- Data provided
——————
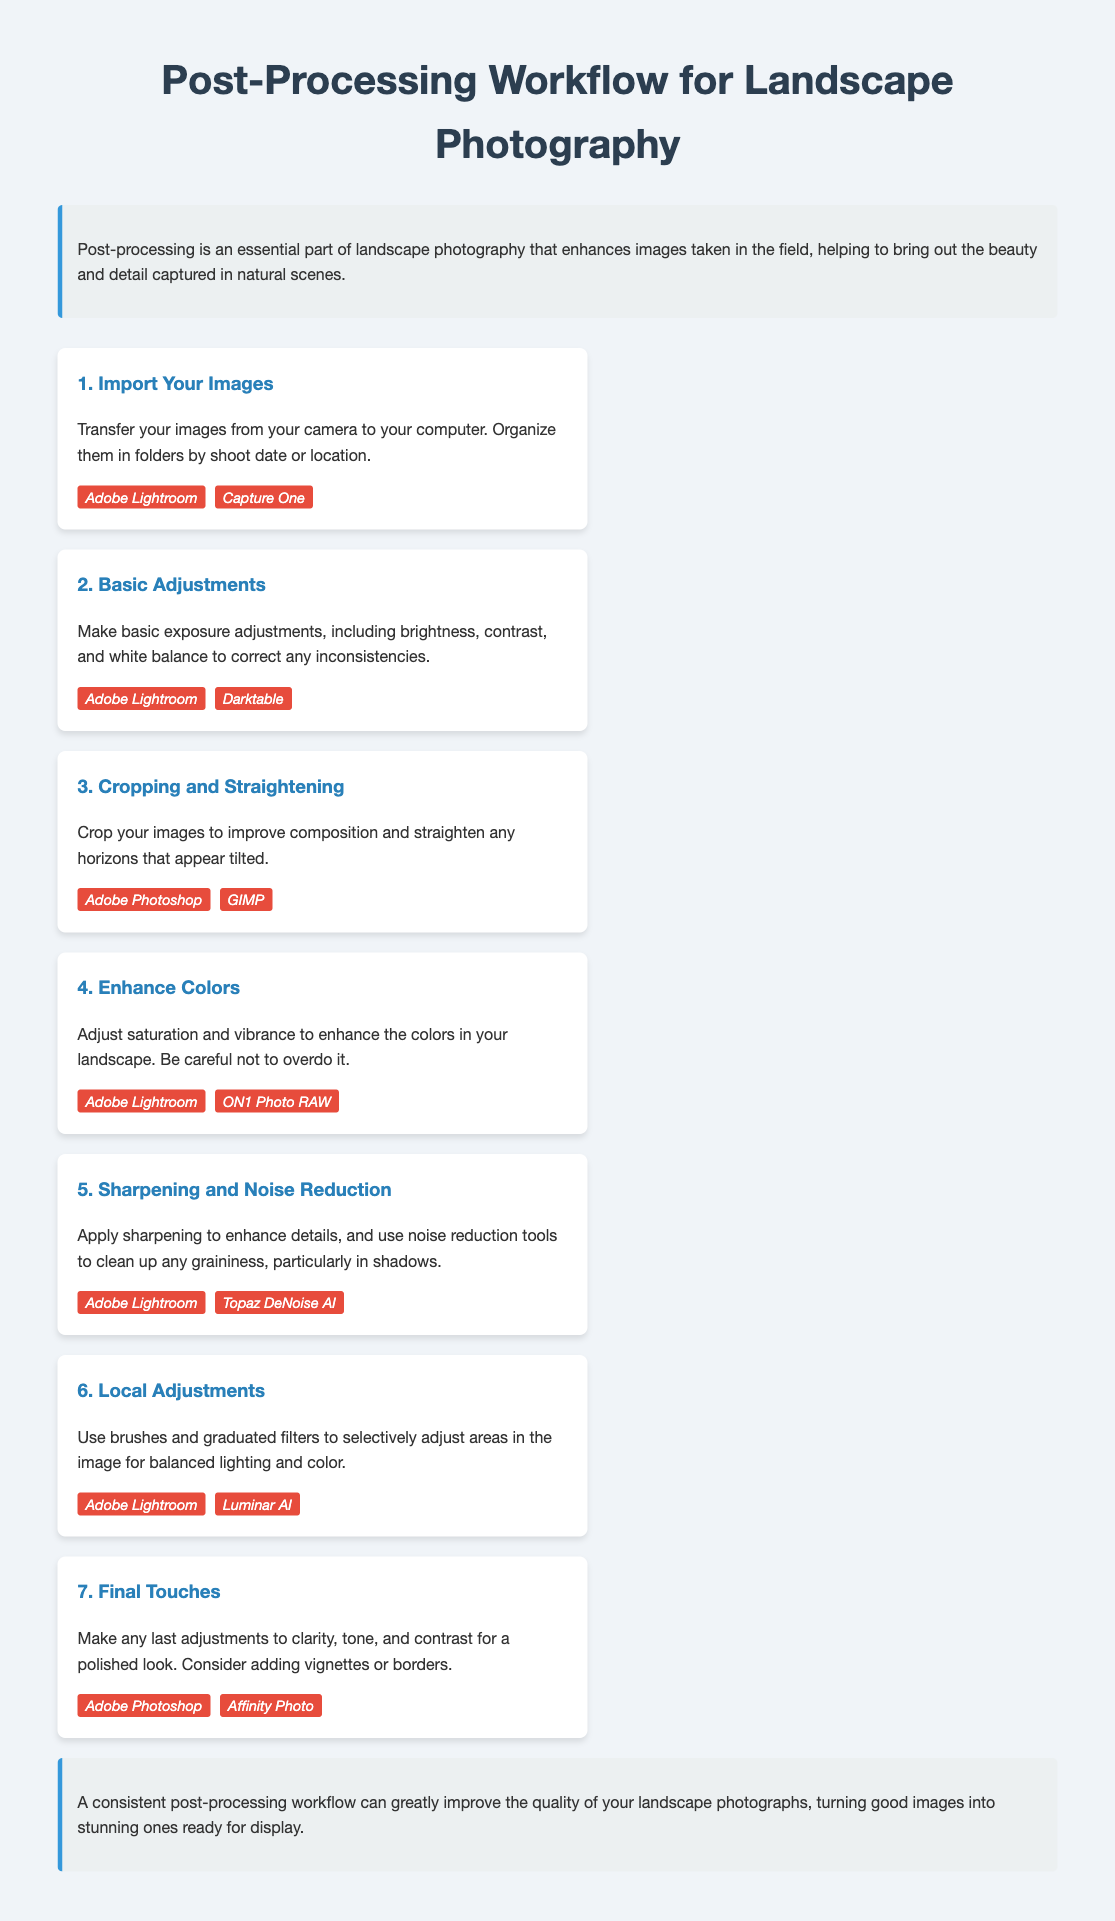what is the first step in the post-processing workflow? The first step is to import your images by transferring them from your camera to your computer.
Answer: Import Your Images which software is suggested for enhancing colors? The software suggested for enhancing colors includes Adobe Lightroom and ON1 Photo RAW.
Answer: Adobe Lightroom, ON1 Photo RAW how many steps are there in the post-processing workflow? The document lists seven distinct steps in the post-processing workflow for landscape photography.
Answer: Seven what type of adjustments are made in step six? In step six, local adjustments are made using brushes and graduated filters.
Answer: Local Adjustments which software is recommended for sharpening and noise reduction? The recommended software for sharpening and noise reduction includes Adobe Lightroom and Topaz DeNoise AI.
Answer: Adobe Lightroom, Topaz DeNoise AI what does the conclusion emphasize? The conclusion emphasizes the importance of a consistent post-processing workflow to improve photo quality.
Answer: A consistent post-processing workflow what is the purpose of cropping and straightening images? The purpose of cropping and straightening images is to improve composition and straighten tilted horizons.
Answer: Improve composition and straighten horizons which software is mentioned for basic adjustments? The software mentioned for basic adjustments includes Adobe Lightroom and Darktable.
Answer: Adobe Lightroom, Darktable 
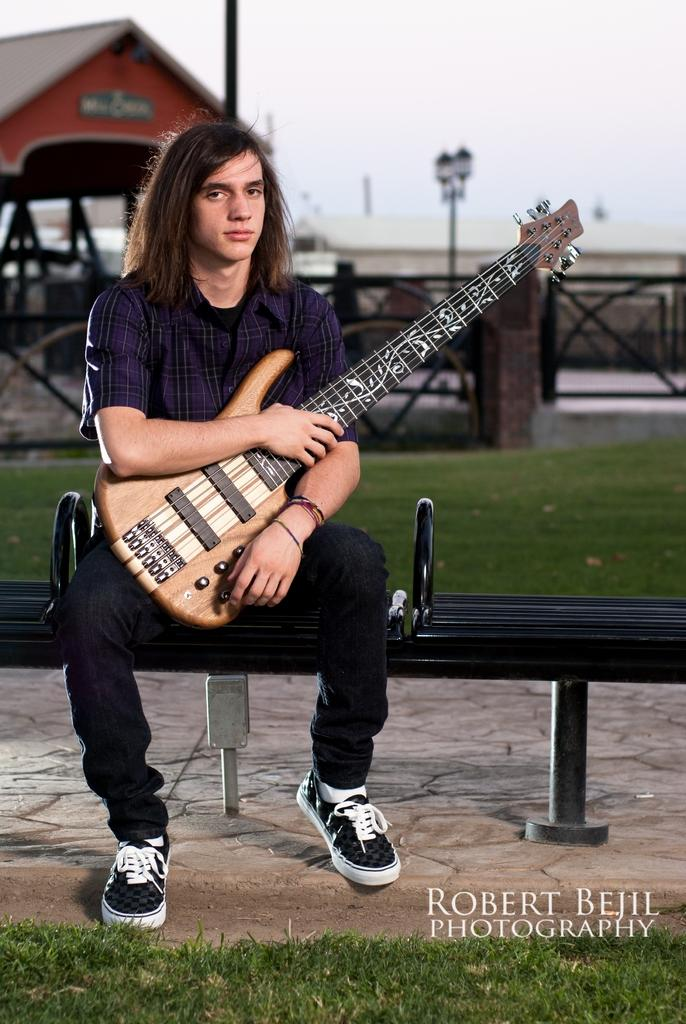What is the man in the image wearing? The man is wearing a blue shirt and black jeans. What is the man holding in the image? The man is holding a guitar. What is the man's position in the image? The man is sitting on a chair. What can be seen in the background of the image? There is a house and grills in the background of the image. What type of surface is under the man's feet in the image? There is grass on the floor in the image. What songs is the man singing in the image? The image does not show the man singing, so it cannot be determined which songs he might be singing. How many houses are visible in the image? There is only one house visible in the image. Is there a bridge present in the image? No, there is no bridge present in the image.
——————
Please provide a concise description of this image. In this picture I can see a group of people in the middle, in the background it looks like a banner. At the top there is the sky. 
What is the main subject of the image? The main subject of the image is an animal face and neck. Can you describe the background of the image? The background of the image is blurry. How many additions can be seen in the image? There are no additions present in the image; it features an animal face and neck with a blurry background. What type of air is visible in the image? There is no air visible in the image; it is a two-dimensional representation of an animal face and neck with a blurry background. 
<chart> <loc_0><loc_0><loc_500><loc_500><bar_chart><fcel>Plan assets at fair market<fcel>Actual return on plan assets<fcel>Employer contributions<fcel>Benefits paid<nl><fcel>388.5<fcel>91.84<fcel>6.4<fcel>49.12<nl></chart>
——————
- Directions
Read each line of the material, and wherever the word "DeNoise" turns up, copy that line.

- Solution to the problem
Answer: Local Adjustments which software is recommended for sharpening and noise reduction? The recommended software for sharpening and noise reduction includes Adobe Lightroom and Topaz DeNoise AI.
Answer: Adobe Lightroom, Topaz DeNoise AI what does the conclusion emphasize? The conclusion emphasizes the importance of a consistent post-processing workflow to improve photo quality.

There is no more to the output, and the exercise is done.